When Westport, Connecticut, freelance writer Corrine Thompson, 37, told her family members of her plans to write a screenplay, most of them either scoffed at her or became very, very needy, worried that Thompson -- aka Miss Always Available -- would no longer have time for them if she took on such an ambitious project. "I've actually come to the point where I don't tell them I'm writing anymore," says Thompson. "They take a lot of energy from me, and I just want to focus on the screenplay. In fact, I actually told my sister I'd stopped writing and now she's not bothering me anymore."

Sometimes, less-than-positive responses contain information that can be helpful to you in making a change. About 20 years ago, when Nan Feyler, of Philadelphia, turned 28, she decided to redirect her life.
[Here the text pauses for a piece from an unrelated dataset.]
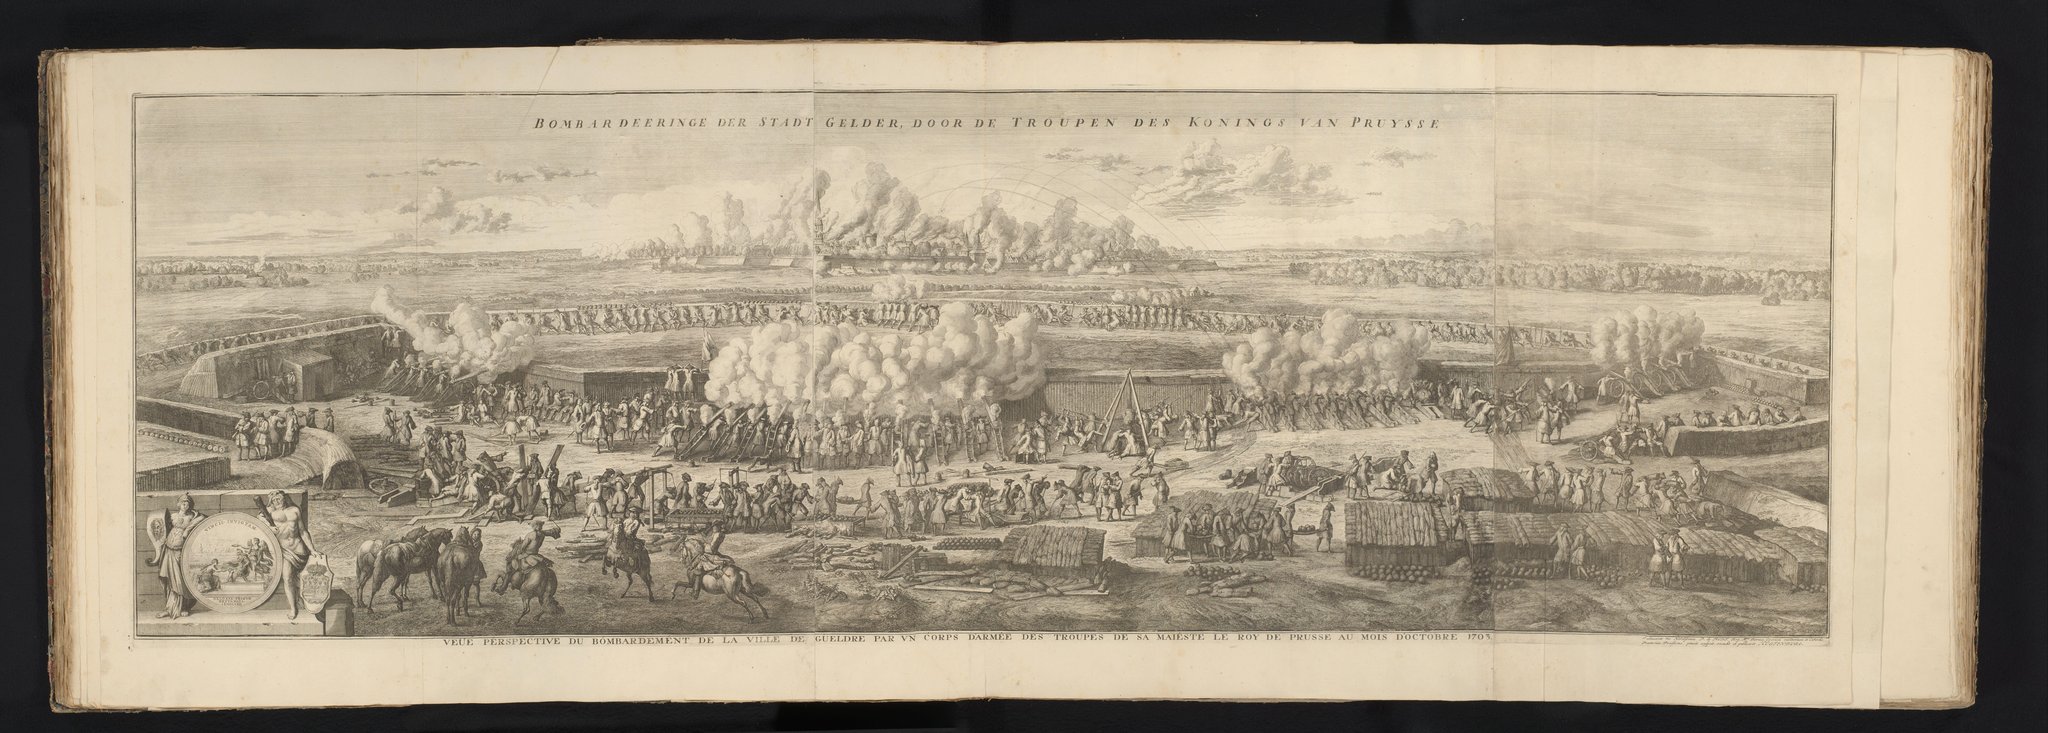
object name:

She'd worked as a circus clown and a job counselor, but she wanted to affect the world in a more substantial way.

Feyler, bursting with enthusiasm for her newly hatched plan, couldn't wait to break the news to her father. "Dad, I'm going to go to law school," she announced.

"What makes you think you can get in?" he responded and then went back to reading his newspaper. Even at the time, Feyler knew her father's question had merit: She had never been a strong student. So she took a prep course for the LSAT entrance exams, and scored in the top 2 percent in the nation. She was awarded a scholarship to New York University's law school.

Topping that, Feyler went on to run the AIDS Law Project of Pennsylvania, and, at the age of 48, went back to school again and earned a master's degree in public health at Columbia University. She didn't let her father's skepticism slow her down, and in the end, she says, her father was incredibly proud of her.

When people make positive changes in their lives, says Weiner-Davis, good things generally happen as a result, and resistance from others isn't likely to last. "Sometimes it's just a knee-jerk response, especially in the beginning," she says. "Even the most fiery responses fizzle over time." And the payoff can be priceless.

"The mental wiring that leads to typecasting can be undone by understanding and affirming that you can finally be your authentic self," says Linda Durand, a Philadelphia-based life coach. "When that happens, you'll realize that living the truth not only is possible, it's healthy and natural. It is what's supposed to be."